§ **Work task**: For each line in the data below that has the word "request", copy that line.

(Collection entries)
*** Begin section ***
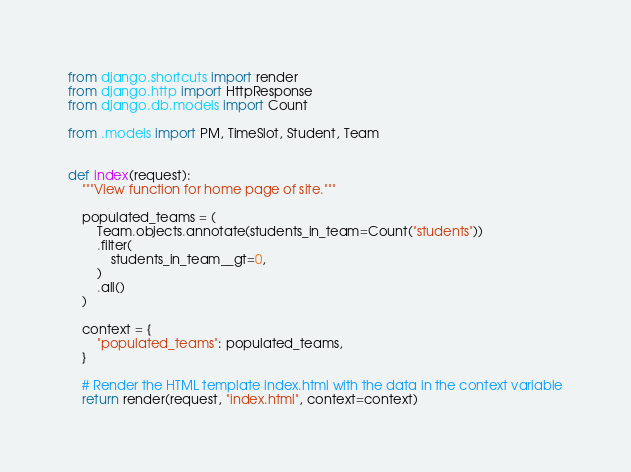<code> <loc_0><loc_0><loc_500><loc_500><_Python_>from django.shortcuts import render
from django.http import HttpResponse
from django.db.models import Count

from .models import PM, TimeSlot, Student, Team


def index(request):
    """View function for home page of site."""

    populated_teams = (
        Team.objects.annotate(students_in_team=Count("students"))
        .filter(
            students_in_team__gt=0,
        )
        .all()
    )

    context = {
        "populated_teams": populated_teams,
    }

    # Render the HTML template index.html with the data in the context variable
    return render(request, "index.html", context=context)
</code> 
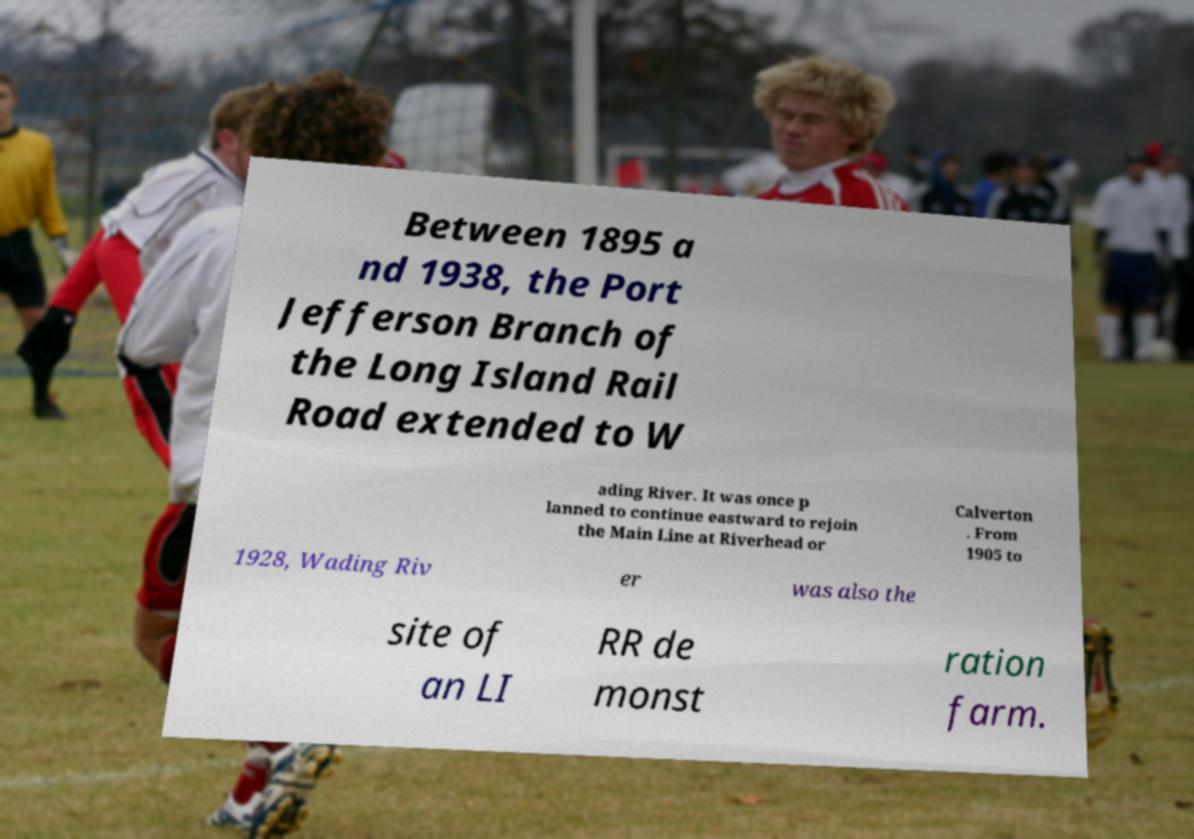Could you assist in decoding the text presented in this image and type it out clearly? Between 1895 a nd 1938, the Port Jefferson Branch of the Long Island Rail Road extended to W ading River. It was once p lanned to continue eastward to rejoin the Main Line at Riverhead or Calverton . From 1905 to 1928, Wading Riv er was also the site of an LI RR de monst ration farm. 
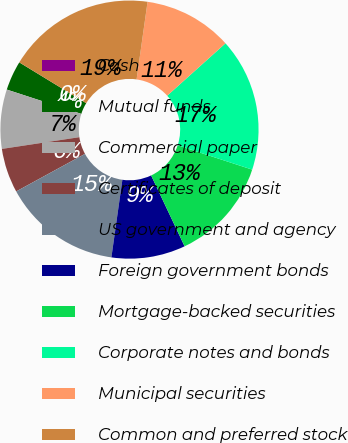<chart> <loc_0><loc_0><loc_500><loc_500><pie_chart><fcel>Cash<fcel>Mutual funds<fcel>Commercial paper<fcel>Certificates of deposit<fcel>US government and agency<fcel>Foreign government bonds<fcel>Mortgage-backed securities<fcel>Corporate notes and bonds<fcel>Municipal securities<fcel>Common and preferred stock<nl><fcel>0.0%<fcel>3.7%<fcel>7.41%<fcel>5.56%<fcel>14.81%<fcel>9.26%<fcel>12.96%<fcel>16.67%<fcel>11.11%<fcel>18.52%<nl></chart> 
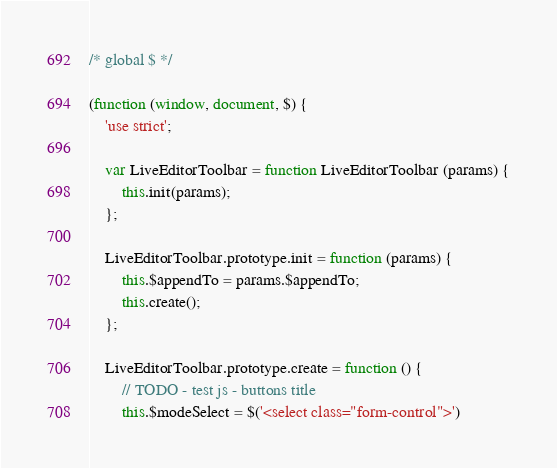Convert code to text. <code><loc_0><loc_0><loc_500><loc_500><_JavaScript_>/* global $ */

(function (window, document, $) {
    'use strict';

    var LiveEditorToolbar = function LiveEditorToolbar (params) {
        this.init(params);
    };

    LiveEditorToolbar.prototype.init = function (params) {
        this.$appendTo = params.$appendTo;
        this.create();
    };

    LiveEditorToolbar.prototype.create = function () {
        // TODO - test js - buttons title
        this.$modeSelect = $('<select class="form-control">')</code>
*** End section ***
§ **Finished task**:
def index(request):
    return render(request, "index.html", context=context)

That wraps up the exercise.